[1] That is—the publication of the pamphlet.—H.

[2] Putrescent. See the recorded opinions of Lord Amherst's suite upon the personal cleanliness of the Chinese.

[3] 'America:'—For America in particular there is an American defence offered in a Washington paper (the Weekly Union, for May 28, 1857), which, for cool ignoring of facts, exceeds anything that I remember. It begins thus:—'Since our treaty with China in 1844' (and that, be it remembered, was possible only in consequence of our war and its close in 1842), 'the most amicable relations have existed between the United States and China—China is our friend, and we are hers.' Indeed! as a brief commentary upon that statement, I recommend to the reader's attention our Blue-books on China of last winter. The American commander certainly wound up his quarrel with Yeh in a mysterious way, that drew some sneers from the various nationalities then moving in that neighbourhood, but no less certainly he had, during the October of 1856, a smart exchange of cannon-shots with Yeh, which lasted for some days (three, at least, according to my remembrance), and ended in the capture of numerous Chinese forts. The American apologist says in effect, that the United States will not fight, because they have no quarrel. But that is not the sole question. Does the United States mean to take none of the benefits that may be won by our arms? He speaks of the French as more belligerently inclined than the United States. Would that this were really so. No good will come of schisms between the nations of Christendom.
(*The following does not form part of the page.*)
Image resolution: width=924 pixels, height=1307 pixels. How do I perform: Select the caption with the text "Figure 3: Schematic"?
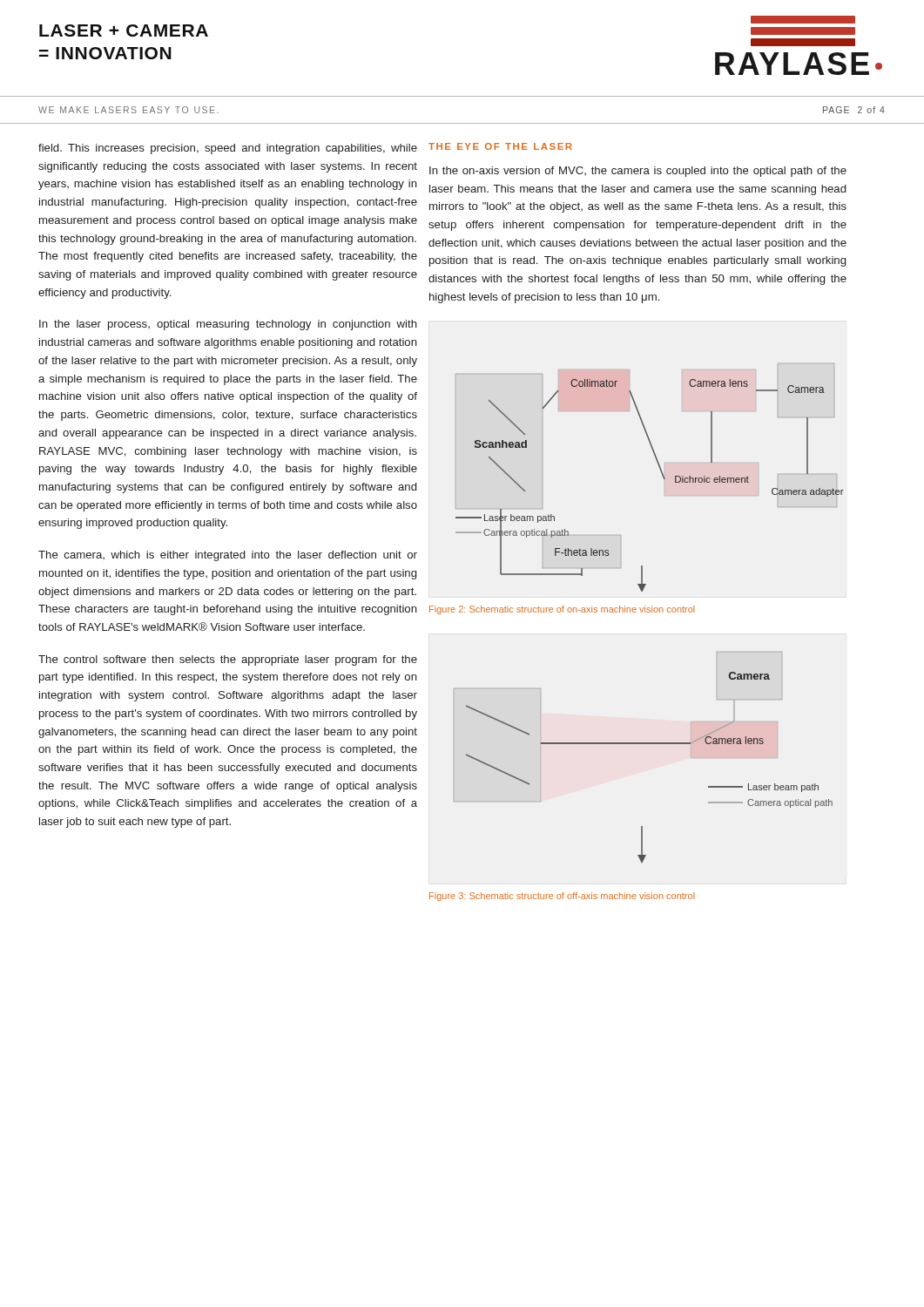pyautogui.click(x=562, y=896)

There is a posthumous work of Commissioner Lin, in twelve quartos, printed at Peking, urgently pressing the necessity for China of building upon such schisms the one sole policy that can save her from ruin.
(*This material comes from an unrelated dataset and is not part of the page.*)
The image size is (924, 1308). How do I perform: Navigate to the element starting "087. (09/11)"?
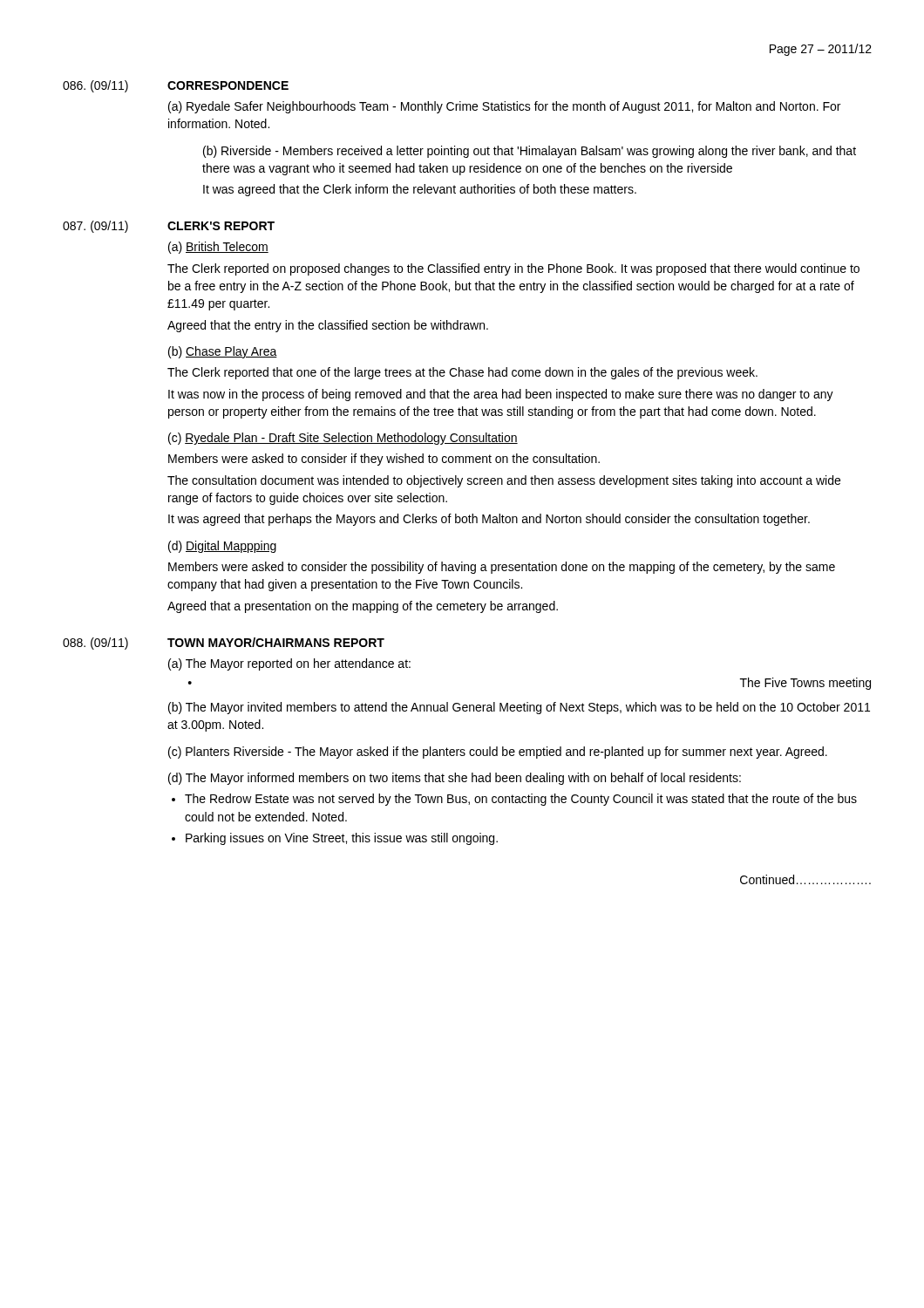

[4] 'By the gallows:'—Or much rather by decapitation. Accordingly, we read of a Ming (i. e., native Chinese) emperor, who (upon finding himself in a dreadfully small minority) retired into his garden with his daughter, and there hanged both himself and the lady. On no account would he have decapitated either; since in that case the corpses, being headless, would in Chinese estimation have been imperfect.
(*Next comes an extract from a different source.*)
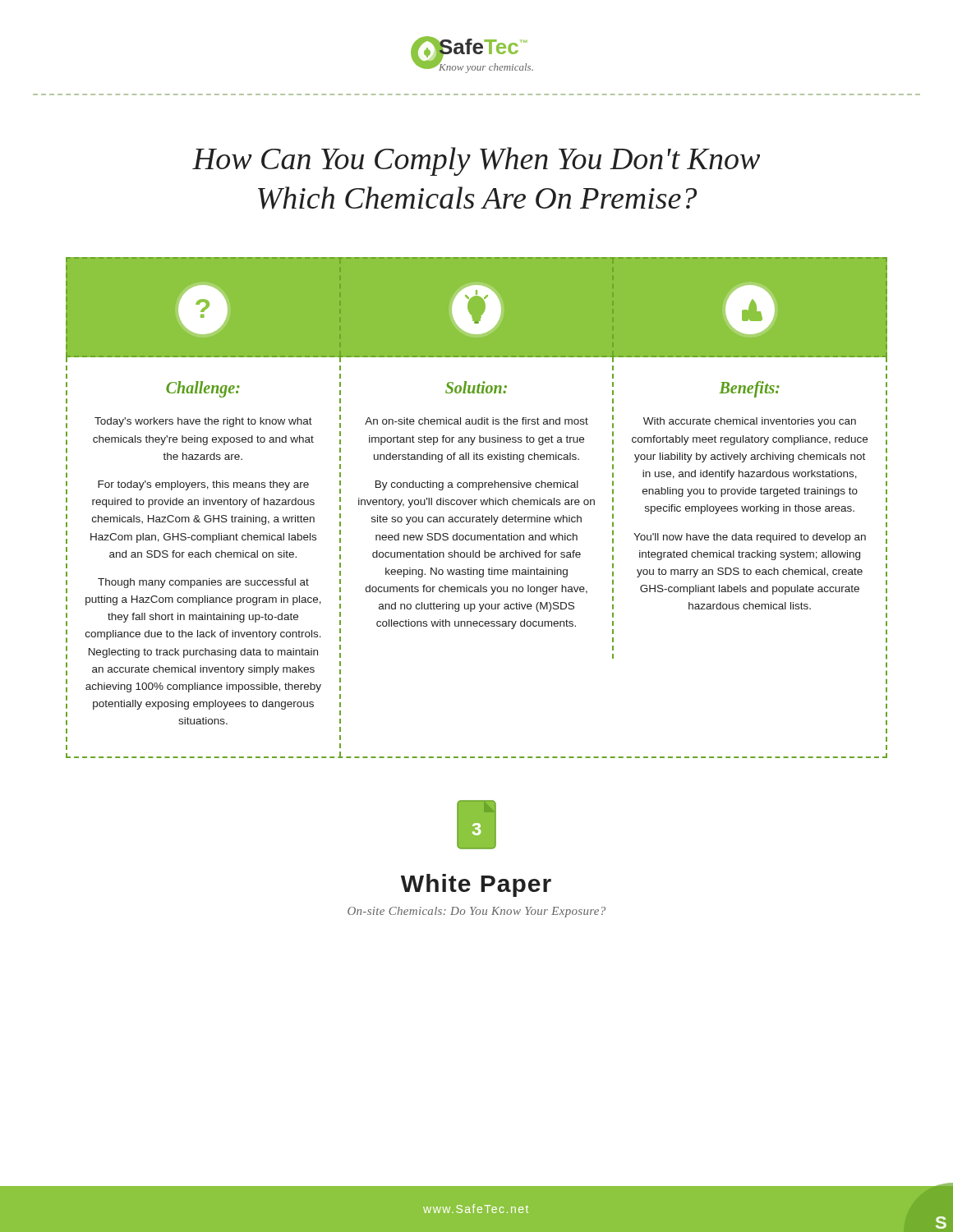Image resolution: width=953 pixels, height=1232 pixels.
Task: Find the passage starting "Solution: An on-site chemical audit is the first"
Action: [476, 504]

[5] 'Colonel Chesney:'—The same, I believe, whose name was at one time so honourably known in connection with the Euphrates and its steam navigation.

[6] Down to George I. there could have been no breakfast in England for a gentleman or lady—there is none even yet in most parts of the Continent—without wine of some class or other.

[7] Written in 1856. H.

[8] But holding what rank, and what precise station, at the time of the outrage? At this point I acknowledge a difficulty. The criminal was in this case Domitian, the younger son of Vespasian, the tenth Cæsar, younger Brother of Titus, the eleventh Cæsar, and himself, under the name of Domitian, the twelfth of the Cæsars, consequently the closing prince in that series of the initial twelve Cæsars whom Suetonius had undertaken to record. Now the difficulty lies here, which yet I have never seen noticed in any book: was this violence perpetrated before or after Domitian's assumption of the purple? If after, how, then, could the injured husband have received that advice from Titus (as to repairing his loss by a second marriage), which forms part of an anecdote and a bon-mot between Titus and Lamia? Yet again, if not after but before, how was it Lamia had not invoked the protection of Vespasian, or of Titus—the latter of whom enjoyed a theatrically fine reputation for equity and moderation?

[9] In All's Well that Ends Well.

[10] This fragment appeared in The Instructor for July, 1853. The subject was not continued in any form.—H.